■ **ASSIGNED TASK**: Without leaving out a single line, copy the records exactly.
[Start of Attachment]
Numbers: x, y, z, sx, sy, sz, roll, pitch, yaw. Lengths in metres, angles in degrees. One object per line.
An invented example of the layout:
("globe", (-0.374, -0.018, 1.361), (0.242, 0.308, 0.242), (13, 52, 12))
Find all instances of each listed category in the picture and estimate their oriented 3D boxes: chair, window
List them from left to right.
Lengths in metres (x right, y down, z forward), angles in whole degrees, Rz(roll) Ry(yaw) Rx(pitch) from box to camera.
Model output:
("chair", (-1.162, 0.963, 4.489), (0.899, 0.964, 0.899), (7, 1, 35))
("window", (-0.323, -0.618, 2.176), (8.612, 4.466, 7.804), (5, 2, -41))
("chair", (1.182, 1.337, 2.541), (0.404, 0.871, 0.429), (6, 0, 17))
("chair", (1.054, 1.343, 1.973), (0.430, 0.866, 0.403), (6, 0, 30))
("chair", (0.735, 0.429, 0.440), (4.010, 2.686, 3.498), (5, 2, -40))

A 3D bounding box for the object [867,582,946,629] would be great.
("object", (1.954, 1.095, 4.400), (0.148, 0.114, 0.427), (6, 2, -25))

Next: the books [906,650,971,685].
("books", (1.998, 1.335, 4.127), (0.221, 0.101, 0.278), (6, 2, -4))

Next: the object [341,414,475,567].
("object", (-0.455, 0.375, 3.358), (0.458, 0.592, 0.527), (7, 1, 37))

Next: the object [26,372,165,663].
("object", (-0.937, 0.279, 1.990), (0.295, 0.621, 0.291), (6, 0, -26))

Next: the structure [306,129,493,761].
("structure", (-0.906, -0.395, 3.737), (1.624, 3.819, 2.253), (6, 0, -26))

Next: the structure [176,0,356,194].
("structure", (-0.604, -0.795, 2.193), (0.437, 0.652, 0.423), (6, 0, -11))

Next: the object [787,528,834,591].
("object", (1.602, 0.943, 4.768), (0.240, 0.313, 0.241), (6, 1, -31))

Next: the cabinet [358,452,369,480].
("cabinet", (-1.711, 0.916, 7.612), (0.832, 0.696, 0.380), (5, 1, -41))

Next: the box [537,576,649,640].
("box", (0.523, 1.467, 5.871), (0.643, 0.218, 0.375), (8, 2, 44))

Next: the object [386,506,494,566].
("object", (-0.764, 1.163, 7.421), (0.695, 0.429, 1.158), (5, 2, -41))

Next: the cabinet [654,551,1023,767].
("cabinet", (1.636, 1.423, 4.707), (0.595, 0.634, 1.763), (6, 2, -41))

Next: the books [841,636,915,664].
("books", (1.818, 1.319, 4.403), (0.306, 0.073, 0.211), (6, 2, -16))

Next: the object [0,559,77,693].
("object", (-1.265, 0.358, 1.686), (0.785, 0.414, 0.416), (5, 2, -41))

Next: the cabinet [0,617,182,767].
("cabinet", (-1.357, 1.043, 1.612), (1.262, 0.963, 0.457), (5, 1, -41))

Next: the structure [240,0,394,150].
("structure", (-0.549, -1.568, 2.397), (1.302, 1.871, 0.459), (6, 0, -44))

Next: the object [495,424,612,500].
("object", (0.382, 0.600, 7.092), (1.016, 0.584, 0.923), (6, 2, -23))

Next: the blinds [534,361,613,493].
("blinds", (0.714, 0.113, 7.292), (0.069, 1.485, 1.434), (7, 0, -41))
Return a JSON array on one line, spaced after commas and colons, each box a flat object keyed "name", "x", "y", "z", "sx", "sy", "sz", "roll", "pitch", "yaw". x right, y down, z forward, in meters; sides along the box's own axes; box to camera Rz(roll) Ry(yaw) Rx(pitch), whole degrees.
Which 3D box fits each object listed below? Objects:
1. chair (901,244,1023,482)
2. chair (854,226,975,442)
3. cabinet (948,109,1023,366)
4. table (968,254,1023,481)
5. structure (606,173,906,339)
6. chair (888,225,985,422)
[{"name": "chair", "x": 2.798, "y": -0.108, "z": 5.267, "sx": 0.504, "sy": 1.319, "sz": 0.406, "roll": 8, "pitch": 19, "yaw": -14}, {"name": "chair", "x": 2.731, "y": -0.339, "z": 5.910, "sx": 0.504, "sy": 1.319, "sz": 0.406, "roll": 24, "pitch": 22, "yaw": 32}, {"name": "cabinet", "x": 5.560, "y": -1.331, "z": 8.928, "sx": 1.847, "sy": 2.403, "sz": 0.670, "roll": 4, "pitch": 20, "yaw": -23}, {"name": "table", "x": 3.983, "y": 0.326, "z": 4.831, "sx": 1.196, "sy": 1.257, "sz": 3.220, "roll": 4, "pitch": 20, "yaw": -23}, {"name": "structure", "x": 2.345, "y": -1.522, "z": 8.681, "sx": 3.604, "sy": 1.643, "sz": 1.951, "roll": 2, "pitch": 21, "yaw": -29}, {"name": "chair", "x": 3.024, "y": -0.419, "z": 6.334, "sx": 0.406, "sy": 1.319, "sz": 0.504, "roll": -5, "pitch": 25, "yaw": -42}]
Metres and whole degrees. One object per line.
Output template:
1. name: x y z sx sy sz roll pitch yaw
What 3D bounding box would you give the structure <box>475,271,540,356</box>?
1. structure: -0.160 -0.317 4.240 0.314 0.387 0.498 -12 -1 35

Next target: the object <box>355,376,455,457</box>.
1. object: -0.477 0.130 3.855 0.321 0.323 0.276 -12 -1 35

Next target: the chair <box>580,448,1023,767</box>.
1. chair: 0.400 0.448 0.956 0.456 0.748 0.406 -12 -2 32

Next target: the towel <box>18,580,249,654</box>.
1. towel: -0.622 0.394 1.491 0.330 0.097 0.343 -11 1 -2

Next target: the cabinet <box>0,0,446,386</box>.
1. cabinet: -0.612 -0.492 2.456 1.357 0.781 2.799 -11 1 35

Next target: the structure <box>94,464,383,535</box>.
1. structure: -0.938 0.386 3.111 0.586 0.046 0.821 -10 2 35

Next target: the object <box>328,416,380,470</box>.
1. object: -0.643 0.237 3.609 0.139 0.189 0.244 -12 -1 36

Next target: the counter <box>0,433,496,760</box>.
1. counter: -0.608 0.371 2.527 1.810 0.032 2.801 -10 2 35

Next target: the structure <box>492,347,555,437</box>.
[End of Attachment]
■ **FINISHED EXERCISE**:
Numbers: x, y, z, sx, sy, sz, roll, pitch, yaw. Lengths in metres, angles in degrees. One object per line.
An invented example of the layout:
("globe", (-0.374, -0.018, 1.361), (0.242, 0.308, 0.242), (13, 52, 12))
Find all instances of each listed category in the picture and estimate their oriented 3D boxes: chair, window
List them from left to right.
Lengths in metres (x right, y down, z forward), angles in whole degrees, Rz(roll) Ry(yaw) Rx(pitch) from box to camera.
Model output:
("chair", (-1.162, 0.963, 4.489), (0.899, 0.964, 0.899), (7, 1, 35))
("window", (-0.323, -0.618, 2.176), (8.612, 4.466, 7.804), (5, 2, -41))
("chair", (1.182, 1.337, 2.541), (0.404, 0.871, 0.429), (6, 0, 17))
("chair", (1.054, 1.343, 1.973), (0.430, 0.866, 0.403), (6, 0, 30))
("chair", (0.735, 0.429, 0.440), (4.010, 2.686, 3.498), (5, 2, -40))

A 3D bounding box for the object [867,582,946,629] would be great.
("object", (1.954, 1.095, 4.400), (0.148, 0.114, 0.427), (6, 2, -25))

Next: the books [906,650,971,685].
("books", (1.998, 1.335, 4.127), (0.221, 0.101, 0.278), (6, 2, -4))

Next: the object [341,414,475,567].
("object", (-0.455, 0.375, 3.358), (0.458, 0.592, 0.527), (7, 1, 37))

Next: the object [26,372,165,663].
("object", (-0.937, 0.279, 1.990), (0.295, 0.621, 0.291), (6, 0, -26))

Next: the structure [306,129,493,761].
("structure", (-0.906, -0.395, 3.737), (1.624, 3.819, 2.253), (6, 0, -26))

Next: the structure [176,0,356,194].
("structure", (-0.604, -0.795, 2.193), (0.437, 0.652, 0.423), (6, 0, -11))

Next: the object [787,528,834,591].
("object", (1.602, 0.943, 4.768), (0.240, 0.313, 0.241), (6, 1, -31))

Next: the cabinet [358,452,369,480].
("cabinet", (-1.711, 0.916, 7.612), (0.832, 0.696, 0.380), (5, 1, -41))

Next: the box [537,576,649,640].
("box", (0.523, 1.467, 5.871), (0.643, 0.218, 0.375), (8, 2, 44))

Next: the object [386,506,494,566].
("object", (-0.764, 1.163, 7.421), (0.695, 0.429, 1.158), (5, 2, -41))

Next: the cabinet [654,551,1023,767].
("cabinet", (1.636, 1.423, 4.707), (0.595, 0.634, 1.763), (6, 2, -41))

Next: the books [841,636,915,664].
("books", (1.818, 1.319, 4.403), (0.306, 0.073, 0.211), (6, 2, -16))

Next: the object [0,559,77,693].
("object", (-1.265, 0.358, 1.686), (0.785, 0.414, 0.416), (5, 2, -41))

Next: the cabinet [0,617,182,767].
("cabinet", (-1.357, 1.043, 1.612), (1.262, 0.963, 0.457), (5, 1, -41))

Next: the structure [240,0,394,150].
("structure", (-0.549, -1.568, 2.397), (1.302, 1.871, 0.459), (6, 0, -44))

Next: the object [495,424,612,500].
("object", (0.382, 0.600, 7.092), (1.016, 0.584, 0.923), (6, 2, -23))

Next: the blinds [534,361,613,493].
("blinds", (0.714, 0.113, 7.292), (0.069, 1.485, 1.434), (7, 0, -41))
Return a JSON array on one line, spaced after commas and colons, each box a flat object keyed "name", "x", "y", "z", "sx", "sy", "sz", "roll", "pitch", "yaw". x right, y down, z forward, in meters; sides along the box's own axes; box to camera Rz(roll) Ry(yaw) Rx(pitch), whole degrees.
Which 3D box fits each object listed below? Objects:
1. chair (901,244,1023,482)
2. chair (854,226,975,442)
3. cabinet (948,109,1023,366)
4. table (968,254,1023,481)
5. structure (606,173,906,339)
6. chair (888,225,985,422)
[{"name": "chair", "x": 2.798, "y": -0.108, "z": 5.267, "sx": 0.504, "sy": 1.319, "sz": 0.406, "roll": 8, "pitch": 19, "yaw": -14}, {"name": "chair", "x": 2.731, "y": -0.339, "z": 5.910, "sx": 0.504, "sy": 1.319, "sz": 0.406, "roll": 24, "pitch": 22, "yaw": 32}, {"name": "cabinet", "x": 5.560, "y": -1.331, "z": 8.928, "sx": 1.847, "sy": 2.403, "sz": 0.670, "roll": 4, "pitch": 20, "yaw": -23}, {"name": "table", "x": 3.983, "y": 0.326, "z": 4.831, "sx": 1.196, "sy": 1.257, "sz": 3.220, "roll": 4, "pitch": 20, "yaw": -23}, {"name": "structure", "x": 2.345, "y": -1.522, "z": 8.681, "sx": 3.604, "sy": 1.643, "sz": 1.951, "roll": 2, "pitch": 21, "yaw": -29}, {"name": "chair", "x": 3.024, "y": -0.419, "z": 6.334, "sx": 0.406, "sy": 1.319, "sz": 0.504, "roll": -5, "pitch": 25, "yaw": -42}]
Metres and whole degrees. One object per line.
Output template:
1. name: x y z sx sy sz roll pitch yaw
What 3D bounding box would you give the structure <box>475,271,540,356</box>?
1. structure: -0.160 -0.317 4.240 0.314 0.387 0.498 -12 -1 35

Next target: the object <box>355,376,455,457</box>.
1. object: -0.477 0.130 3.855 0.321 0.323 0.276 -12 -1 35

Next target: the chair <box>580,448,1023,767</box>.
1. chair: 0.400 0.448 0.956 0.456 0.748 0.406 -12 -2 32

Next target: the towel <box>18,580,249,654</box>.
1. towel: -0.622 0.394 1.491 0.330 0.097 0.343 -11 1 -2

Next target: the cabinet <box>0,0,446,386</box>.
1. cabinet: -0.612 -0.492 2.456 1.357 0.781 2.799 -11 1 35

Next target: the structure <box>94,464,383,535</box>.
1. structure: -0.938 0.386 3.111 0.586 0.046 0.821 -10 2 35

Next target: the object <box>328,416,380,470</box>.
1. object: -0.643 0.237 3.609 0.139 0.189 0.244 -12 -1 36

Next target: the counter <box>0,433,496,760</box>.
1. counter: -0.608 0.371 2.527 1.810 0.032 2.801 -10 2 35

Next target: the structure <box>492,347,555,437</box>.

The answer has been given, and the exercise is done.